TASK DESCRIPTION
The data must be returned in full and exactly as given.

WORKING DATA

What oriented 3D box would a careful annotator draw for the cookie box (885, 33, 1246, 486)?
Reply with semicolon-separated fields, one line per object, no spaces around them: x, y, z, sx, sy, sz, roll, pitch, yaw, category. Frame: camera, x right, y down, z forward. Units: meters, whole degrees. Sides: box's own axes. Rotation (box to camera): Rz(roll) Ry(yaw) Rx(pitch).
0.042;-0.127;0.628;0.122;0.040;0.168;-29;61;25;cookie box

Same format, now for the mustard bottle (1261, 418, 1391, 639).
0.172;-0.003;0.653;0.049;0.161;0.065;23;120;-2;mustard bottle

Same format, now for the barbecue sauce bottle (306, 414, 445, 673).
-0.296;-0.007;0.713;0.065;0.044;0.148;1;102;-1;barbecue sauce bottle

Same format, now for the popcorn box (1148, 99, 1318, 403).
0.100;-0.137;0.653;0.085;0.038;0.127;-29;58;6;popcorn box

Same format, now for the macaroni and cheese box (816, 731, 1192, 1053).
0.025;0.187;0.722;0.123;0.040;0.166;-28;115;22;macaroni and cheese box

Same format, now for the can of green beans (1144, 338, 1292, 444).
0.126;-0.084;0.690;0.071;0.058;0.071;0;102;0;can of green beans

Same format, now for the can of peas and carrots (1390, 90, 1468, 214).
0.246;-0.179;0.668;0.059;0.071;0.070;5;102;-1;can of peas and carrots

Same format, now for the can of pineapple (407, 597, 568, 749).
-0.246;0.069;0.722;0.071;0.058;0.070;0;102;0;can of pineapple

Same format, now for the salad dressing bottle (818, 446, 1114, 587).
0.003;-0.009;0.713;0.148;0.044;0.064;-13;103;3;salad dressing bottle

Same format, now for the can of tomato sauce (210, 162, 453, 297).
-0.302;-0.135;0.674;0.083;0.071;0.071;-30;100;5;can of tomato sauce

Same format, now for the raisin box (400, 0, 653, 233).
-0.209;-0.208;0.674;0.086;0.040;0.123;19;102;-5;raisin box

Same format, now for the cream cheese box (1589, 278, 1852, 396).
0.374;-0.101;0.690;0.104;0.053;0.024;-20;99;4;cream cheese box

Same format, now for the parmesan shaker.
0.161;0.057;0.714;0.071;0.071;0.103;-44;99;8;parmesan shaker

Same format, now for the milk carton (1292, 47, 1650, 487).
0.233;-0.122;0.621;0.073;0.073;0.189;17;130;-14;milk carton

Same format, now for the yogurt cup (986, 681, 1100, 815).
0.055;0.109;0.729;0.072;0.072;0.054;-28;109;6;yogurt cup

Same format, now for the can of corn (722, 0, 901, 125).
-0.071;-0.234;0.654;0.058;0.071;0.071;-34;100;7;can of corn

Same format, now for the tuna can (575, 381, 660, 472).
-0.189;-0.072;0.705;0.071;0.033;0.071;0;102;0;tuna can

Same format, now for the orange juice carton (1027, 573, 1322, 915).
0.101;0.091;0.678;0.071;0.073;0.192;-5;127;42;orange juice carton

ANSWER TO THIS TASK
What oriented 3D box would a careful annotator draw for the cookie box (885, 33, 1246, 486)?
Reply with semicolon-separated fields, one line per object, no spaces around them: x, y, z, sx, sy, sz, roll, pitch, yaw, category. Frame: camera, x right, y down, z forward. Units: meters, whole degrees. Sides: box's own axes. Rotation (box to camera): Rz(roll) Ry(yaw) Rx(pitch).
0.042;-0.127;0.628;0.122;0.040;0.168;-29;61;25;cookie box

Same format, now for the mustard bottle (1261, 418, 1391, 639).
0.172;-0.003;0.653;0.049;0.161;0.065;23;120;-2;mustard bottle

Same format, now for the barbecue sauce bottle (306, 414, 445, 673).
-0.296;-0.007;0.713;0.065;0.044;0.148;1;102;-1;barbecue sauce bottle

Same format, now for the popcorn box (1148, 99, 1318, 403).
0.100;-0.137;0.653;0.085;0.038;0.127;-29;58;6;popcorn box

Same format, now for the macaroni and cheese box (816, 731, 1192, 1053).
0.025;0.187;0.722;0.123;0.040;0.166;-28;115;22;macaroni and cheese box

Same format, now for the can of green beans (1144, 338, 1292, 444).
0.126;-0.084;0.690;0.071;0.058;0.071;0;102;0;can of green beans

Same format, now for the can of peas and carrots (1390, 90, 1468, 214).
0.246;-0.179;0.668;0.059;0.071;0.070;5;102;-1;can of peas and carrots

Same format, now for the can of pineapple (407, 597, 568, 749).
-0.246;0.069;0.722;0.071;0.058;0.070;0;102;0;can of pineapple

Same format, now for the salad dressing bottle (818, 446, 1114, 587).
0.003;-0.009;0.713;0.148;0.044;0.064;-13;103;3;salad dressing bottle

Same format, now for the can of tomato sauce (210, 162, 453, 297).
-0.302;-0.135;0.674;0.083;0.071;0.071;-30;100;5;can of tomato sauce

Same format, now for the raisin box (400, 0, 653, 233).
-0.209;-0.208;0.674;0.086;0.040;0.123;19;102;-5;raisin box

Same format, now for the cream cheese box (1589, 278, 1852, 396).
0.374;-0.101;0.690;0.104;0.053;0.024;-20;99;4;cream cheese box

Same format, now for the parmesan shaker.
0.161;0.057;0.714;0.071;0.071;0.103;-44;99;8;parmesan shaker

Same format, now for the milk carton (1292, 47, 1650, 487).
0.233;-0.122;0.621;0.073;0.073;0.189;17;130;-14;milk carton

Same format, now for the yogurt cup (986, 681, 1100, 815).
0.055;0.109;0.729;0.072;0.072;0.054;-28;109;6;yogurt cup

Same format, now for the can of corn (722, 0, 901, 125).
-0.071;-0.234;0.654;0.058;0.071;0.071;-34;100;7;can of corn

Same format, now for the tuna can (575, 381, 660, 472).
-0.189;-0.072;0.705;0.071;0.033;0.071;0;102;0;tuna can

Same format, now for the orange juice carton (1027, 573, 1322, 915).
0.101;0.091;0.678;0.071;0.073;0.192;-5;127;42;orange juice carton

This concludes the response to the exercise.